The attention-based models in recent neural networks that mimic the human visual system process have significantly improved on computer vision tasks. The main idea of the attention mechanism in neural networks is to allow the network to concentrate on the maximum significant parts and then weaken or enhance a large amount of the information selected. For instance, Hu et al. [54] applied a squeeze and excitation mechanism (SENet). The squeezing process compresses the feature by applying global average pooling, and the excitation mechanism obtains the weighted feature maps by applying two fully connected layers. This process significantly increases the precision of image classification models.

Moreover, Woo et al. [55] proposed the convolutional block attention Module (CBAM) model, which expanded SENet from a one-dimensional channel to a two-dimensional channel and combined the weighted feature maps of both the average and max-average feature maps. Liu et al. [18] designed a convolution and bidirectional long short-term memory (LSTM) and used a local and global pixel-wise attention mechanism, expanding the receptive field to mitigate errors. Few methods, such as [18,42,56], have used the attention mechanisms for SOD. However, our approach differs in that previous methods have typically utilized a single-attention design. Our approach follows a constrained module expansion according to the inputs received. The subsampled attentional branches independently observe the saliency importance of each object sub-region and then integrate them according to the guidance of contextual and contour-based information using residual connections.

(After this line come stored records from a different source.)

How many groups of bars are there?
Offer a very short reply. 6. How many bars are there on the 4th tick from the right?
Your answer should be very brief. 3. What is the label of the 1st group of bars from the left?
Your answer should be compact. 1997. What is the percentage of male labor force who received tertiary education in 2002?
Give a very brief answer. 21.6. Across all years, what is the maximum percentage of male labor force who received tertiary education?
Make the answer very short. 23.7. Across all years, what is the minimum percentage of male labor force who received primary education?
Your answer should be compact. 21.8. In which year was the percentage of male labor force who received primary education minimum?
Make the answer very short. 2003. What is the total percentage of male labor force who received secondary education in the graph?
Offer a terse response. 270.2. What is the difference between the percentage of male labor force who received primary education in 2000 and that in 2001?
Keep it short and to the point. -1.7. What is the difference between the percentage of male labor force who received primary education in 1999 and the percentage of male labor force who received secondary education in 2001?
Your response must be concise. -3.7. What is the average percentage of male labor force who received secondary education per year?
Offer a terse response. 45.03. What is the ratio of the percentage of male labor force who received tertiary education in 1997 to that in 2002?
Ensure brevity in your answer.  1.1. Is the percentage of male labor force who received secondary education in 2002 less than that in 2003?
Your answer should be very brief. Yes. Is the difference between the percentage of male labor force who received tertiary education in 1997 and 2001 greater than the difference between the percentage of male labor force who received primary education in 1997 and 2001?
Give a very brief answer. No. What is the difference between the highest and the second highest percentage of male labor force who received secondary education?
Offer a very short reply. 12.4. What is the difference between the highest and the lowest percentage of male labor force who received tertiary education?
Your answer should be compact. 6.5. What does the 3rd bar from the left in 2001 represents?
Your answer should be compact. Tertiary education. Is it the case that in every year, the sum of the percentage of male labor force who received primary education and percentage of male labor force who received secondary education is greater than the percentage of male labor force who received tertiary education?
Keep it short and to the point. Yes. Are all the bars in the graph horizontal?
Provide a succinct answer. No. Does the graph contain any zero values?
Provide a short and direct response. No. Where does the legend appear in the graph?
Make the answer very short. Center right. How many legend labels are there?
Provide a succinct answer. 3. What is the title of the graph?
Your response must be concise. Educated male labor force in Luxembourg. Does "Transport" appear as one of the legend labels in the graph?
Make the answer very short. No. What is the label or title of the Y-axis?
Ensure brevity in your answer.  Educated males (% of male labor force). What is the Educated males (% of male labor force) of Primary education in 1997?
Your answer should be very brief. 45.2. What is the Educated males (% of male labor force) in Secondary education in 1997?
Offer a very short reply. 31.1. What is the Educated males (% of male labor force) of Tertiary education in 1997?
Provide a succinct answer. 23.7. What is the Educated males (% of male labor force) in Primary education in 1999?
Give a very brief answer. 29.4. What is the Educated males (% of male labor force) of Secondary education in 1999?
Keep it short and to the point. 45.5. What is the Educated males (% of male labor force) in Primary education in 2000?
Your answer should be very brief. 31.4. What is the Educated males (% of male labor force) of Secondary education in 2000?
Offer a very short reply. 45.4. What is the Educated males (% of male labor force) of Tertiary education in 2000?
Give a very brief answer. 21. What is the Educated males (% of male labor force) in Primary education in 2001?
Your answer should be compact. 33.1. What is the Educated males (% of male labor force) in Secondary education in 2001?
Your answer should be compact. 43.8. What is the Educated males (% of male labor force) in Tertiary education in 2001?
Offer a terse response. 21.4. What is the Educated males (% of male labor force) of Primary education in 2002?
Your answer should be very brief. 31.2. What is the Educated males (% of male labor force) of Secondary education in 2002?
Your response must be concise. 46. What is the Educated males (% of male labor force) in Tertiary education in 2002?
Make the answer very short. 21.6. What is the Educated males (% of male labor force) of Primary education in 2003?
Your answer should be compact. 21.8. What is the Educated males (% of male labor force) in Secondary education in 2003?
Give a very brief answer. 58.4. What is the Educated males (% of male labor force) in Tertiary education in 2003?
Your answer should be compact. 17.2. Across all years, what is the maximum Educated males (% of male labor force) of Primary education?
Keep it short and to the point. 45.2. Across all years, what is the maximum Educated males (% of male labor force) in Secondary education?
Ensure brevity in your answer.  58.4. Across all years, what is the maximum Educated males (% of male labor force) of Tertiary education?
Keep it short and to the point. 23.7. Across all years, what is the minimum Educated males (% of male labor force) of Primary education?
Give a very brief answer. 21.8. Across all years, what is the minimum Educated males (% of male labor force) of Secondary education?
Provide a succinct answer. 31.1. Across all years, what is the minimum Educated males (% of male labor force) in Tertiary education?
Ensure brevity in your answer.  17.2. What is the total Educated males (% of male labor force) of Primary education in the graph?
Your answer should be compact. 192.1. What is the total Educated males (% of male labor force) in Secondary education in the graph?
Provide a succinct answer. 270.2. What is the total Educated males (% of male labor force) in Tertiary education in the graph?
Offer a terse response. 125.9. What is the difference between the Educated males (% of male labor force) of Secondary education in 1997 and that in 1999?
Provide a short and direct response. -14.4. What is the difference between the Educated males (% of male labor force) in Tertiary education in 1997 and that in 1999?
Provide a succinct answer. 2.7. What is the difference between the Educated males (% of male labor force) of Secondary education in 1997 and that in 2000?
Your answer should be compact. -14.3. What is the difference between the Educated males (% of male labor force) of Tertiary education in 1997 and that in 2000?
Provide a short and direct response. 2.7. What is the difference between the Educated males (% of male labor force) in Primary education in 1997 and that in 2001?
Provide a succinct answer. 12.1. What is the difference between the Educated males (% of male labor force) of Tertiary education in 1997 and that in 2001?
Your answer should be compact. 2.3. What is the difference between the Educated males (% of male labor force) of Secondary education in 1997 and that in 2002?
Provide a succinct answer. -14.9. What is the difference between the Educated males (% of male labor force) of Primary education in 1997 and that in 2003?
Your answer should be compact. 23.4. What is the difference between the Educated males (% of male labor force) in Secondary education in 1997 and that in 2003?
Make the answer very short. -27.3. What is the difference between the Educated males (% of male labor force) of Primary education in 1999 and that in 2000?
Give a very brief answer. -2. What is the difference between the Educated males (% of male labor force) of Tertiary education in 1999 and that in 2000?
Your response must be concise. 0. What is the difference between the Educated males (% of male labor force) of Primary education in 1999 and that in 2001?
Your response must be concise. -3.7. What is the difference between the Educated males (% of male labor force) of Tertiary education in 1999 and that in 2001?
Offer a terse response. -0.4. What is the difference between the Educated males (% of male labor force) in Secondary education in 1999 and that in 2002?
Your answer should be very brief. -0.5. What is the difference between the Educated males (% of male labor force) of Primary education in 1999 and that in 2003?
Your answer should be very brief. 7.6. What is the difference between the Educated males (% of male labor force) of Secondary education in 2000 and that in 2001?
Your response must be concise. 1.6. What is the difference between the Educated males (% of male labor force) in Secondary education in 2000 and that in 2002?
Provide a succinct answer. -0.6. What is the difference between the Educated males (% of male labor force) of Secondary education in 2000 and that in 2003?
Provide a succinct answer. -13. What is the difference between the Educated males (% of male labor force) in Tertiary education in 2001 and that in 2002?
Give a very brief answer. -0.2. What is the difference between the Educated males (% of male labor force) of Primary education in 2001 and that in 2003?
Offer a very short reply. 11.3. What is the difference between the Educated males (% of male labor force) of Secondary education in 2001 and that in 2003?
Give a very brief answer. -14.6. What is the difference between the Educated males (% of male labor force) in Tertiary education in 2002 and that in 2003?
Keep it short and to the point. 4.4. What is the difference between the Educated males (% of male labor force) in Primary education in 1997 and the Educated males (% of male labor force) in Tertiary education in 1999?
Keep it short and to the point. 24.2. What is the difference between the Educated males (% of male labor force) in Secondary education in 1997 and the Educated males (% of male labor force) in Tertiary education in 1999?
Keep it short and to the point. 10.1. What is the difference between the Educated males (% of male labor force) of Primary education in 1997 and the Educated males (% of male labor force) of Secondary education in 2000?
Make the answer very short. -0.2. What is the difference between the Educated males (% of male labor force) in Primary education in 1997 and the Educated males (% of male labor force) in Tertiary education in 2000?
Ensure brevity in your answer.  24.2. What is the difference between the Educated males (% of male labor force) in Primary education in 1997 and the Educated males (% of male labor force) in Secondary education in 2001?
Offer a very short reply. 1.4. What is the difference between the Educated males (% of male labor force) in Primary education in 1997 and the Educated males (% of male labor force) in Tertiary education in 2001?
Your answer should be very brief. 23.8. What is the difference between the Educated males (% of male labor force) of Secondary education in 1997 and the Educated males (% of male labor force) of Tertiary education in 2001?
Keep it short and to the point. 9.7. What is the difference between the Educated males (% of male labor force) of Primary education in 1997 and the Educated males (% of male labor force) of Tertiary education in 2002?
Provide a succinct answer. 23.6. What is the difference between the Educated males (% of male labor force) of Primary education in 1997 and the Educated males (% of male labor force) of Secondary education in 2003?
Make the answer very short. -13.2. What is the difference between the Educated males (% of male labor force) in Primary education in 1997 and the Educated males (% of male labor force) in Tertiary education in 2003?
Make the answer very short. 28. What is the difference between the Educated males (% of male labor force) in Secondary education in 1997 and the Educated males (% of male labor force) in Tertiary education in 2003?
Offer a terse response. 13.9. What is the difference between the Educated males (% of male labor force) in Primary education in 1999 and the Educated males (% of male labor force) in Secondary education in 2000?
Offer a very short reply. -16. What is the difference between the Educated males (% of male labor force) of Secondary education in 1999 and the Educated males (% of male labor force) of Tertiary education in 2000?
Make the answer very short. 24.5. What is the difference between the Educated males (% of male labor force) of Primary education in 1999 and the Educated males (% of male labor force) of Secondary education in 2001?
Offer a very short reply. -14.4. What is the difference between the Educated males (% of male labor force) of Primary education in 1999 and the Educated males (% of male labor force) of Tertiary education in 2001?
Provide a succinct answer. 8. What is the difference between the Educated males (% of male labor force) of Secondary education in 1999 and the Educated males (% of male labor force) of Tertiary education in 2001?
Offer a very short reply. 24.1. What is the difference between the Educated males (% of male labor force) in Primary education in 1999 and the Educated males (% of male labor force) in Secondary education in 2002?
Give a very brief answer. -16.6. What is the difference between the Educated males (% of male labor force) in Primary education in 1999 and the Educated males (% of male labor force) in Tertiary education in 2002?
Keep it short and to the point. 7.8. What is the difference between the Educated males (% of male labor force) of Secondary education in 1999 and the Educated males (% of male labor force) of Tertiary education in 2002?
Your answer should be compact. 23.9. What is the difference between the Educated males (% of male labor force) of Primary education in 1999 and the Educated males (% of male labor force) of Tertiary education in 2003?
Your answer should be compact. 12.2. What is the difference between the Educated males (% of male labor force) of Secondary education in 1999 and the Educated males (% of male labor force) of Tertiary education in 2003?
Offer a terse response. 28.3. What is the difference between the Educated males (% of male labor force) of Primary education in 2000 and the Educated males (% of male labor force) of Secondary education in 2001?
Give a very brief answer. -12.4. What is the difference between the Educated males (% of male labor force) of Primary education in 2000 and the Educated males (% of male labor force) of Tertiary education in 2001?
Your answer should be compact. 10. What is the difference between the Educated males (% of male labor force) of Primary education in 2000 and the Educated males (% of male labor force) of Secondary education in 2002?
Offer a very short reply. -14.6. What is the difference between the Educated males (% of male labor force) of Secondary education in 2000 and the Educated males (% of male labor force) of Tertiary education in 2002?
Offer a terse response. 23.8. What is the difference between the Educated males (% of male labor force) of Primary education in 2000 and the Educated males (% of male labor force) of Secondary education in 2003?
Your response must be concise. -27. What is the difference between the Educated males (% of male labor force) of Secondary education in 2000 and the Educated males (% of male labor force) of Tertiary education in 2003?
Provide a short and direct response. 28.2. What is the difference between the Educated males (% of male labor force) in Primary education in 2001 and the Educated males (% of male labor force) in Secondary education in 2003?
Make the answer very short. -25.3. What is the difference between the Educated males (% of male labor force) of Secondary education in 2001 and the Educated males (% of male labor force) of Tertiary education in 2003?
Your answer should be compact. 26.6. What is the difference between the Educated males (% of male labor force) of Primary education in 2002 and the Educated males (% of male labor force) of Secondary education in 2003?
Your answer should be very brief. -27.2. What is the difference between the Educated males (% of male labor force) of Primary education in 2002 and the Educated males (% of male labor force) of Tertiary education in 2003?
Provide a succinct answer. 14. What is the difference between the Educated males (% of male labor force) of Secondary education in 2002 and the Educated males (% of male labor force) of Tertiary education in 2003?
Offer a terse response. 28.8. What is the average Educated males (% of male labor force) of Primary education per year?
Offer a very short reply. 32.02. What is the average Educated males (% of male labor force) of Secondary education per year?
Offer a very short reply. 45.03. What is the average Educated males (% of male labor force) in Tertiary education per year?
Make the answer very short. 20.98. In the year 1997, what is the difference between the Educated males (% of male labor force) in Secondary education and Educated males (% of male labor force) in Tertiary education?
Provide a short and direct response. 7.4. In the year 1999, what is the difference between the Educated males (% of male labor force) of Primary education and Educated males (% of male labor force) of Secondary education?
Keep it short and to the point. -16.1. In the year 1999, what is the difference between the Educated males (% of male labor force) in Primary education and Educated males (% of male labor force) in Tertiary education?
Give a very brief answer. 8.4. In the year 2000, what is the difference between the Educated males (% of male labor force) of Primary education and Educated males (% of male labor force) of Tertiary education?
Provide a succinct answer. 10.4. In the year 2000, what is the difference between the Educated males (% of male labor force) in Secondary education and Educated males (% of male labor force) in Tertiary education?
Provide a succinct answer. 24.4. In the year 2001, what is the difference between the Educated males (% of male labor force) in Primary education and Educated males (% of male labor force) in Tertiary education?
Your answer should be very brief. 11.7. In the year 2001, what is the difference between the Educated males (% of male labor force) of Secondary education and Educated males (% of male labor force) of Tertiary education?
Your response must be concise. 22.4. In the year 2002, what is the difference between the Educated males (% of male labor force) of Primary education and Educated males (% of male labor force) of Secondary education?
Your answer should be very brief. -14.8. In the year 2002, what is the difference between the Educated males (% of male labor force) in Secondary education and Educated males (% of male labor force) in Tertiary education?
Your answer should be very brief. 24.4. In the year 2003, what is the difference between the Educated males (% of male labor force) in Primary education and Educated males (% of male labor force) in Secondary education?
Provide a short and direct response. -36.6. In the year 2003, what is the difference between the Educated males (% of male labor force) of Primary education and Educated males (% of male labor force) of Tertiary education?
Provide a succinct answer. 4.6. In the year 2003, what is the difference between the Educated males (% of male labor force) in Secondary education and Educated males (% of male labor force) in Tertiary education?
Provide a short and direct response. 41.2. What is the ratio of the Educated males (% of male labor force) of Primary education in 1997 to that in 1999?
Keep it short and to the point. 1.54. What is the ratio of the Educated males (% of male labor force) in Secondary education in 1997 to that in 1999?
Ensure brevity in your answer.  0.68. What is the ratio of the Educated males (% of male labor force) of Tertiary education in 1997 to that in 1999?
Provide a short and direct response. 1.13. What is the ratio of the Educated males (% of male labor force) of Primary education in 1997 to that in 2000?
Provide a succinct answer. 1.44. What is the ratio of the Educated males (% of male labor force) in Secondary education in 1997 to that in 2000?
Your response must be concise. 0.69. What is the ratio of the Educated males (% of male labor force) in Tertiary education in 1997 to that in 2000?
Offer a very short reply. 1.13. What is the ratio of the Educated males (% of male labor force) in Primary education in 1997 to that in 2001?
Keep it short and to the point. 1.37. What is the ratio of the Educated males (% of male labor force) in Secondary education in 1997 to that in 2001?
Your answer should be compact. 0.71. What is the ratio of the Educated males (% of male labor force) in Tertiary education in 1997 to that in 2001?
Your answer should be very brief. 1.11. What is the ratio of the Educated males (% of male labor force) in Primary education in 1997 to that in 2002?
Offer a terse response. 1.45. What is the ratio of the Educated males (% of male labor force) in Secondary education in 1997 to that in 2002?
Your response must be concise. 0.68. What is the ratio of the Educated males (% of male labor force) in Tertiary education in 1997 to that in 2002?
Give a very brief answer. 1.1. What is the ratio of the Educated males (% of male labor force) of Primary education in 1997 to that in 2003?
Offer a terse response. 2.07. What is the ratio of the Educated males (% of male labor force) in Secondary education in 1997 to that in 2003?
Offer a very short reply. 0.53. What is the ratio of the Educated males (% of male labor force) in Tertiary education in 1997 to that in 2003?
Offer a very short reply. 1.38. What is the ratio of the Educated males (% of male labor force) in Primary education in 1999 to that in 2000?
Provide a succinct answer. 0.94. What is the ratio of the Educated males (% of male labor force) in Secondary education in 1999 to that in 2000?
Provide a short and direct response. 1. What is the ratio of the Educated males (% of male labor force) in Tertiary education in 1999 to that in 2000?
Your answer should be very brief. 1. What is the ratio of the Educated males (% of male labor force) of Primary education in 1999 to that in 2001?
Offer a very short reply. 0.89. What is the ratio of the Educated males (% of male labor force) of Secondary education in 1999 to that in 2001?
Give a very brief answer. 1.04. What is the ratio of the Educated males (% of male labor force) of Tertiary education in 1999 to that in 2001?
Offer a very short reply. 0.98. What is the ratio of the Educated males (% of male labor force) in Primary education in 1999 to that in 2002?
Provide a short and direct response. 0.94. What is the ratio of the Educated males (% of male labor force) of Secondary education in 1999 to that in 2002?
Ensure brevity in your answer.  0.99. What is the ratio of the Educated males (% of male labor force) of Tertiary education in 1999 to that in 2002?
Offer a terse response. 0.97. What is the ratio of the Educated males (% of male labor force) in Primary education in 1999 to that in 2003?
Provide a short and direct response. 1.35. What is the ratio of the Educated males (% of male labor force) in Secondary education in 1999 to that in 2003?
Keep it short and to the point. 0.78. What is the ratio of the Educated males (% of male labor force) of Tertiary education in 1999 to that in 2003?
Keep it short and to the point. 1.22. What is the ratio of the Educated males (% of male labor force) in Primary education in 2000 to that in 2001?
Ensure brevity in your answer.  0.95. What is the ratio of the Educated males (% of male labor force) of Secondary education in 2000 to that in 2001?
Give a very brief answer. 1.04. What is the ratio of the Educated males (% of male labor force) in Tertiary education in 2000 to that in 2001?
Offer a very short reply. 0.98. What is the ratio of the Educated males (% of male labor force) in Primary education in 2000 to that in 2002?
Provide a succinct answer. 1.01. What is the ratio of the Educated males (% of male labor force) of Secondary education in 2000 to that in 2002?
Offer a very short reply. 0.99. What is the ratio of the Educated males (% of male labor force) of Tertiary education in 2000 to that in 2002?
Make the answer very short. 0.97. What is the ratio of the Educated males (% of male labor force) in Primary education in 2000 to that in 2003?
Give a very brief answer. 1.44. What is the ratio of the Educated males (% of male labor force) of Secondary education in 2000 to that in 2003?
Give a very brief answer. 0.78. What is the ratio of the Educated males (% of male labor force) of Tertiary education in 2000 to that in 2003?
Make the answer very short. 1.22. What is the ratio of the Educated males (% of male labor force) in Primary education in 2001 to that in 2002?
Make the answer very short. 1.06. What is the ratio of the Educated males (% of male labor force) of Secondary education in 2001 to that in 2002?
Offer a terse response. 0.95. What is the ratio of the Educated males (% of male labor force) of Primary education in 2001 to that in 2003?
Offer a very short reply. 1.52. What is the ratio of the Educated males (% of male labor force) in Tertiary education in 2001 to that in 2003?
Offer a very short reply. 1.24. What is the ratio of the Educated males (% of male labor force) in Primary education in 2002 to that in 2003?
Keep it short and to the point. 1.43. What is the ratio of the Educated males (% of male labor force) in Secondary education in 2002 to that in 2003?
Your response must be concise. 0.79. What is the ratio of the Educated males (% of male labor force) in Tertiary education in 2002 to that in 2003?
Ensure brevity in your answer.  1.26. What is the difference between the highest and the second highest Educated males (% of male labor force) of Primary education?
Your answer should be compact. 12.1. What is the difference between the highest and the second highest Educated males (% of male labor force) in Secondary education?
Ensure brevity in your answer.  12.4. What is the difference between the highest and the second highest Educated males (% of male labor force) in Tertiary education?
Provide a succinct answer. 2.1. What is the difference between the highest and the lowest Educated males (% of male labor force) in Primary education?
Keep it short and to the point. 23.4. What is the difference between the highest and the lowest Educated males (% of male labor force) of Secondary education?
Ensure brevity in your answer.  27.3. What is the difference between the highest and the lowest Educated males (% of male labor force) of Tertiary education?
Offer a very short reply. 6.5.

2.5. Contour-Aware Modules

Recently, some studies have attempted to exploit additional boundary information by adopting contour labels for saliency detection to produce clear boundary saliency maps. In [45], Luo et al. used an additional intersection over union (IOU)-based edge loss to further define the boundaries of the predicted saliency maps directly. In [57], the authors combined multi-level convolutional features following recurrent and edge-based information guidance. Guan et al. [52] exploited the fine-tuning of the holistically nested edge detection (HED) [58] network for edge detection and integrated the complementary information with the saliency detection stream to predict the boundaries of salient objects. Zhao et al. [25] trained salient edge features by exploiting the IOU loss for salient object detection tasks. Wang et al. [26] also exploited edge-based features to refine the boundaries of saliency maps. Most existing methods have used boundary information to enhance accuracy, and few studies have focused on refining edge features. Unlike existing methods, we use a unique light-weight module to simultaneously extract high-level and contour-based information using dense short connections. The integrated information is split into two branches with channel- and spatial-wise attentions with large asymmetrical kernels to guide the model towards more precise and accurate saliency maps.

3. Proposed Method

This section provides an overview of AWANet, which comprises three types of sub-modules: DFEUs, CFIUs, and CSRUs. Figure 2 shows the proposed method’s structure.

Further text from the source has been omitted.